▶ **Exercise goal**
In the copy, include every record below exactly as it appears, but no pictures.

▶ **Supplied records**
=== Section Start ===

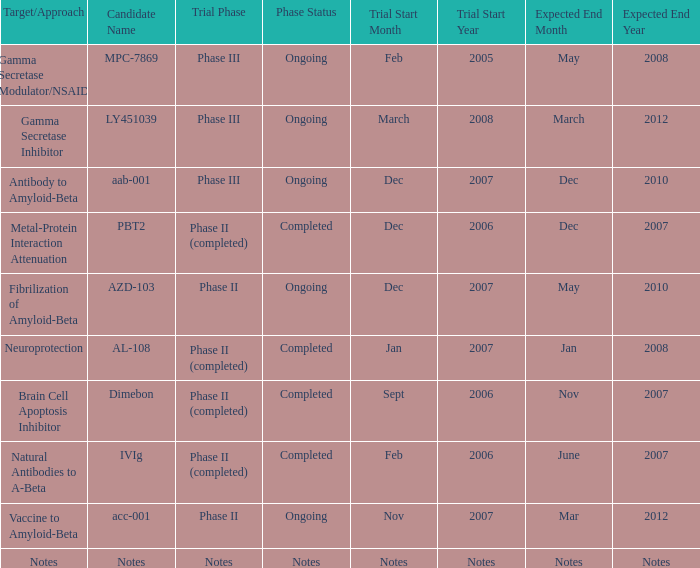What is Trial Start Date, when Candidate Name is PBT2? Dec 2006. 
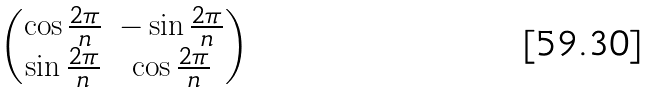<formula> <loc_0><loc_0><loc_500><loc_500>\begin{pmatrix} \cos \frac { 2 \pi } { n } & - \sin \frac { 2 \pi } { n } \\ \sin \frac { 2 \pi } { n } & \cos \frac { 2 \pi } { n } \end{pmatrix}</formula> 
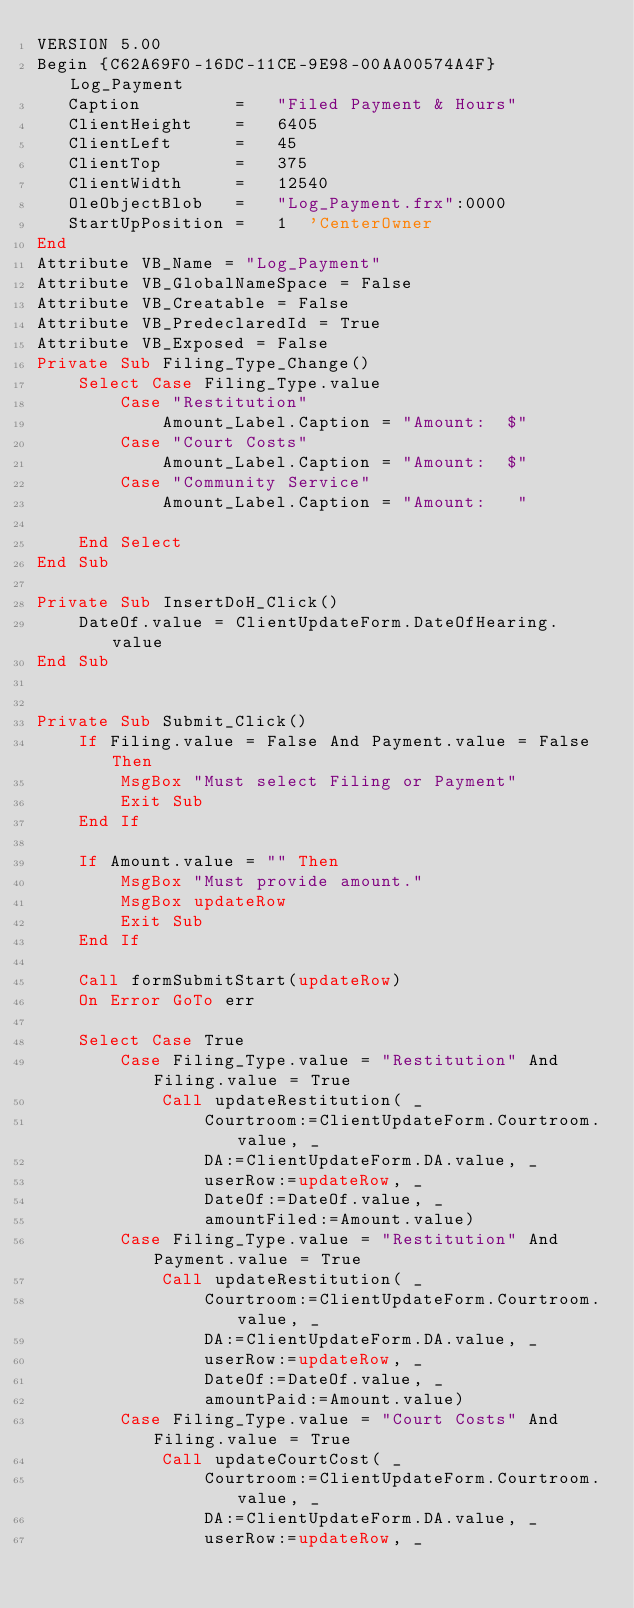Convert code to text. <code><loc_0><loc_0><loc_500><loc_500><_VisualBasic_>VERSION 5.00
Begin {C62A69F0-16DC-11CE-9E98-00AA00574A4F} Log_Payment 
   Caption         =   "Filed Payment & Hours"
   ClientHeight    =   6405
   ClientLeft      =   45
   ClientTop       =   375
   ClientWidth     =   12540
   OleObjectBlob   =   "Log_Payment.frx":0000
   StartUpPosition =   1  'CenterOwner
End
Attribute VB_Name = "Log_Payment"
Attribute VB_GlobalNameSpace = False
Attribute VB_Creatable = False
Attribute VB_PredeclaredId = True
Attribute VB_Exposed = False
Private Sub Filing_Type_Change()
    Select Case Filing_Type.value
        Case "Restitution"
            Amount_Label.Caption = "Amount:  $"
        Case "Court Costs"
            Amount_Label.Caption = "Amount:  $"
        Case "Community Service"
            Amount_Label.Caption = "Amount:   "
    
    End Select
End Sub

Private Sub InsertDoH_Click()
    DateOf.value = ClientUpdateForm.DateOfHearing.value
End Sub


Private Sub Submit_Click()
    If Filing.value = False And Payment.value = False Then
        MsgBox "Must select Filing or Payment"
        Exit Sub
    End If
    
    If Amount.value = "" Then
        MsgBox "Must provide amount."
        MsgBox updateRow
        Exit Sub
    End If
    
    Call formSubmitStart(updateRow)
    On Error GoTo err
    
    Select Case True
        Case Filing_Type.value = "Restitution" And Filing.value = True
            Call updateRestitution( _
                Courtroom:=ClientUpdateForm.Courtroom.value, _
                DA:=ClientUpdateForm.DA.value, _
                userRow:=updateRow, _
                DateOf:=DateOf.value, _
                amountFiled:=Amount.value)
        Case Filing_Type.value = "Restitution" And Payment.value = True
            Call updateRestitution( _
                Courtroom:=ClientUpdateForm.Courtroom.value, _
                DA:=ClientUpdateForm.DA.value, _
                userRow:=updateRow, _
                DateOf:=DateOf.value, _
                amountPaid:=Amount.value)
        Case Filing_Type.value = "Court Costs" And Filing.value = True
            Call updateCourtCost( _
                Courtroom:=ClientUpdateForm.Courtroom.value, _
                DA:=ClientUpdateForm.DA.value, _
                userRow:=updateRow, _</code> 
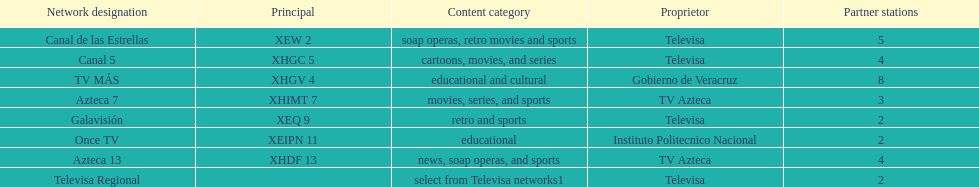Which is the only station with 8 affiliates? TV MÁS. 
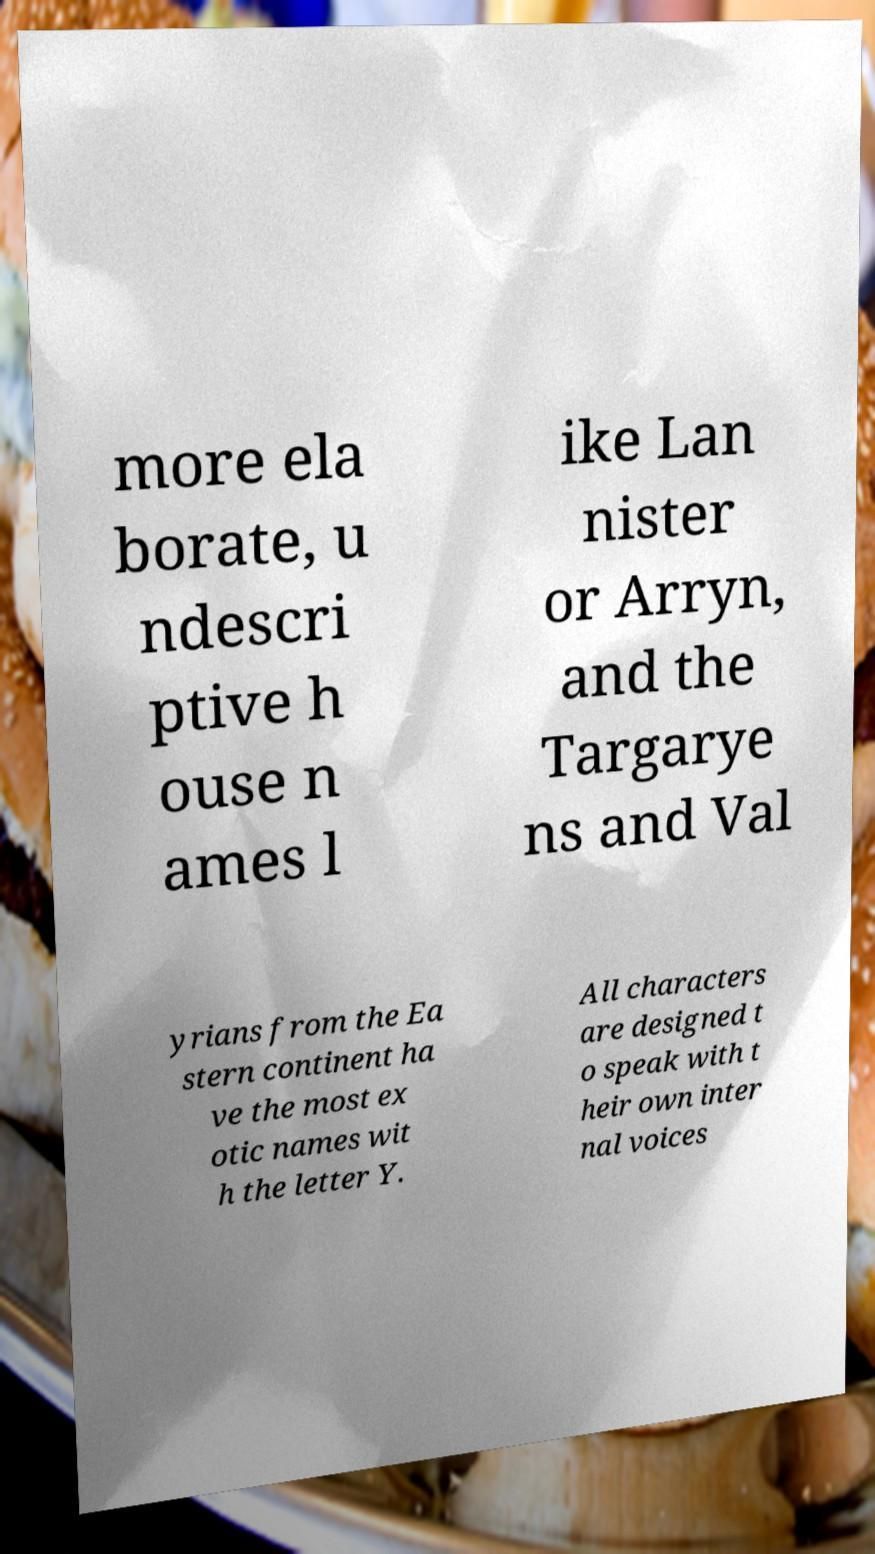Can you read and provide the text displayed in the image?This photo seems to have some interesting text. Can you extract and type it out for me? more ela borate, u ndescri ptive h ouse n ames l ike Lan nister or Arryn, and the Targarye ns and Val yrians from the Ea stern continent ha ve the most ex otic names wit h the letter Y. All characters are designed t o speak with t heir own inter nal voices 
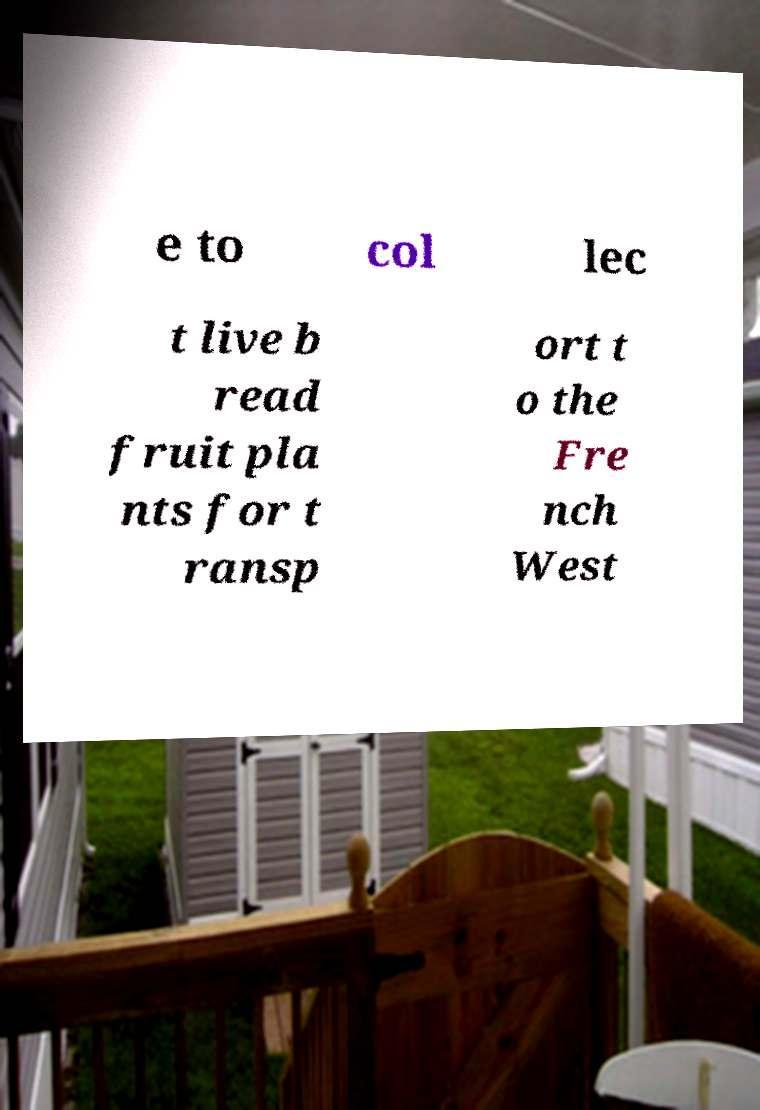Please read and relay the text visible in this image. What does it say? e to col lec t live b read fruit pla nts for t ransp ort t o the Fre nch West 
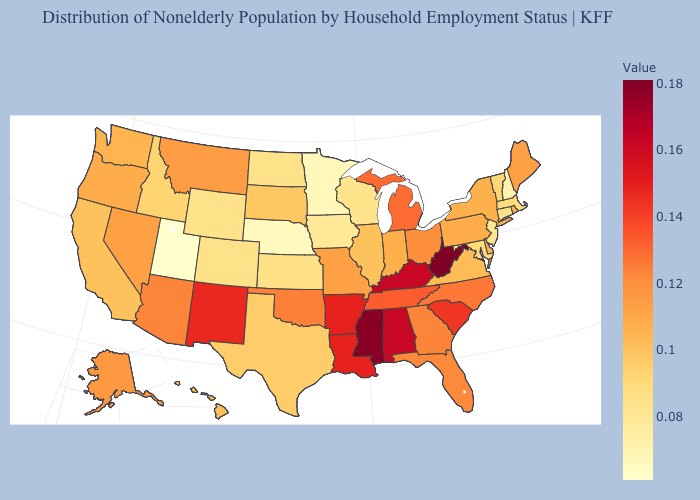Which states have the lowest value in the USA?
Be succinct. Utah. Does Alabama have a lower value than Mississippi?
Short answer required. Yes. Does Louisiana have a higher value than Georgia?
Write a very short answer. Yes. Does South Dakota have a lower value than Alaska?
Short answer required. Yes. Does the map have missing data?
Quick response, please. No. Which states have the lowest value in the USA?
Keep it brief. Utah. 
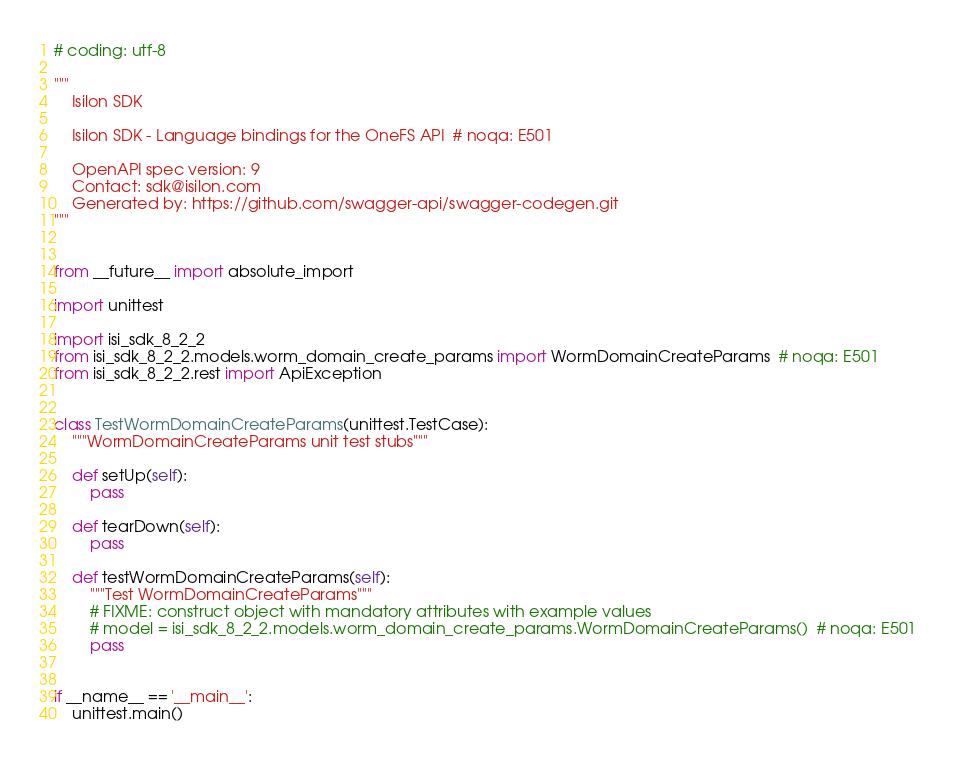Convert code to text. <code><loc_0><loc_0><loc_500><loc_500><_Python_># coding: utf-8

"""
    Isilon SDK

    Isilon SDK - Language bindings for the OneFS API  # noqa: E501

    OpenAPI spec version: 9
    Contact: sdk@isilon.com
    Generated by: https://github.com/swagger-api/swagger-codegen.git
"""


from __future__ import absolute_import

import unittest

import isi_sdk_8_2_2
from isi_sdk_8_2_2.models.worm_domain_create_params import WormDomainCreateParams  # noqa: E501
from isi_sdk_8_2_2.rest import ApiException


class TestWormDomainCreateParams(unittest.TestCase):
    """WormDomainCreateParams unit test stubs"""

    def setUp(self):
        pass

    def tearDown(self):
        pass

    def testWormDomainCreateParams(self):
        """Test WormDomainCreateParams"""
        # FIXME: construct object with mandatory attributes with example values
        # model = isi_sdk_8_2_2.models.worm_domain_create_params.WormDomainCreateParams()  # noqa: E501
        pass


if __name__ == '__main__':
    unittest.main()
</code> 
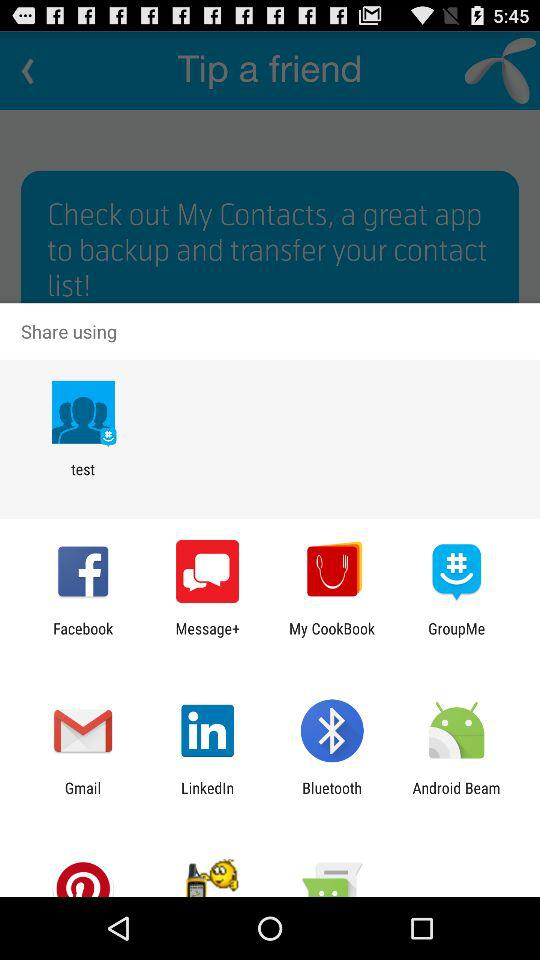Through what applications can content be shared? Content can be shared through "test", "Facebook", "Message+", "My CookBook", "GroupMe", "Gmail", "LinkedIn", "Bluetooth" and "Android Beam".

=== Section End ===

▶ **Output of the exercise**
What is Trial Start Date, when Candidate Name is PBT2? Dec 2006. 
<formula> <loc_0><loc_0><loc_500><loc_500>\begin{pmatrix} \cos \frac { 2 \pi } { n } & - \sin \frac { 2 \pi } { n } \\ \sin \frac { 2 \pi } { n } & \cos \frac { 2 \pi } { n } \end{pmatrix}</formula> 
Convert code to text. <code><loc_0><loc_0><loc_500><loc_500><_VisualBasic_>VERSION 5.00
Begin {C62A69F0-16DC-11CE-9E98-00AA00574A4F} Log_Payment 
   Caption         =   "Filed Payment & Hours"
   ClientHeight    =   6405
   ClientLeft      =   45
   ClientTop       =   375
   ClientWidth     =   12540
   OleObjectBlob   =   "Log_Payment.frx":0000
   StartUpPosition =   1  'CenterOwner
End
Attribute VB_Name = "Log_Payment"
Attribute VB_GlobalNameSpace = False
Attribute VB_Creatable = False
Attribute VB_PredeclaredId = True
Attribute VB_Exposed = False
Private Sub Filing_Type_Change()
    Select Case Filing_Type.value
        Case "Restitution"
            Amount_Label.Caption = "Amount:  $"
        Case "Court Costs"
            Amount_Label.Caption = "Amount:  $"
        Case "Community Service"
            Amount_Label.Caption = "Amount:   "
    
    End Select
End Sub

Private Sub InsertDoH_Click()
    DateOf.value = ClientUpdateForm.DateOfHearing.value
End Sub


Private Sub Submit_Click()
    If Filing.value = False And Payment.value = False Then
        MsgBox "Must select Filing or Payment"
        Exit Sub
    End If
    
    If Amount.value = "" Then
        MsgBox "Must provide amount."
        MsgBox updateRow
        Exit Sub
    End If
    
    Call formSubmitStart(updateRow)
    On Error GoTo err
    
    Select Case True
        Case Filing_Type.value = "Restitution" And Filing.value = True
            Call updateRestitution( _
                Courtroom:=ClientUpdateForm.Courtroom.value, _
                DA:=ClientUpdateForm.DA.value, _
                userRow:=updateRow, _
                DateOf:=DateOf.value, _
                amountFiled:=Amount.value)
        Case Filing_Type.value = "Restitution" And Payment.value = True
            Call updateRestitution( _
                Courtroom:=ClientUpdateForm.Courtroom.value, _
                DA:=ClientUpdateForm.DA.value, _
                userRow:=updateRow, _
                DateOf:=DateOf.value, _
                amountPaid:=Amount.value)
        Case Filing_Type.value = "Court Costs" And Filing.value = True
            Call updateCourtCost( _
                Courtroom:=ClientUpdateForm.Courtroom.value, _
                DA:=ClientUpdateForm.DA.value, _
                userRow:=updateRow, _</code> 
Which is the only station with 8 affiliates? TV MÁS. 
Can you read and provide the text displayed in the image?This photo seems to have some interesting text. Can you extract and type it out for me? more ela borate, u ndescri ptive h ouse n ames l ike Lan nister or Arryn, and the Targarye ns and Val yrians from the Ea stern continent ha ve the most ex otic names wit h the letter Y. All characters are designed t o speak with t heir own inter nal voices 
Please read and relay the text visible in this image. What does it say? e to col lec t live b read fruit pla nts for t ransp ort t o the Fre nch West 
Which states have the lowest value in the USA?
Be succinct. Utah. Does Alabama have a lower value than Mississippi?
Short answer required. Yes. Does Louisiana have a higher value than Georgia?
Write a very short answer. Yes. Does South Dakota have a lower value than Alaska?
Short answer required. Yes. Does the map have missing data?
Quick response, please. No. Which states have the lowest value in the USA?
Keep it brief. Utah. 
Convert code to text. <code><loc_0><loc_0><loc_500><loc_500><_Python_># coding: utf-8

"""
    Isilon SDK

    Isilon SDK - Language bindings for the OneFS API  # noqa: E501

    OpenAPI spec version: 9
    Contact: sdk@isilon.com
    Generated by: https://github.com/swagger-api/swagger-codegen.git
"""


from __future__ import absolute_import

import unittest

import isi_sdk_8_2_2
from isi_sdk_8_2_2.models.worm_domain_create_params import WormDomainCreateParams  # noqa: E501
from isi_sdk_8_2_2.rest import ApiException


class TestWormDomainCreateParams(unittest.TestCase):
    """WormDomainCreateParams unit test stubs"""

    def setUp(self):
        pass

    def tearDown(self):
        pass

    def testWormDomainCreateParams(self):
        """Test WormDomainCreateParams"""
        # FIXME: construct object with mandatory attributes with example values
        # model = isi_sdk_8_2_2.models.worm_domain_create_params.WormDomainCreateParams()  # noqa: E501
        pass


if __name__ == '__main__':
    unittest.main()
</code> 
Through what applications can content be shared? Content can be shared through "test", "Facebook", "Message+", "My CookBook", "GroupMe", "Gmail", "LinkedIn", "Bluetooth" and "Android Beam".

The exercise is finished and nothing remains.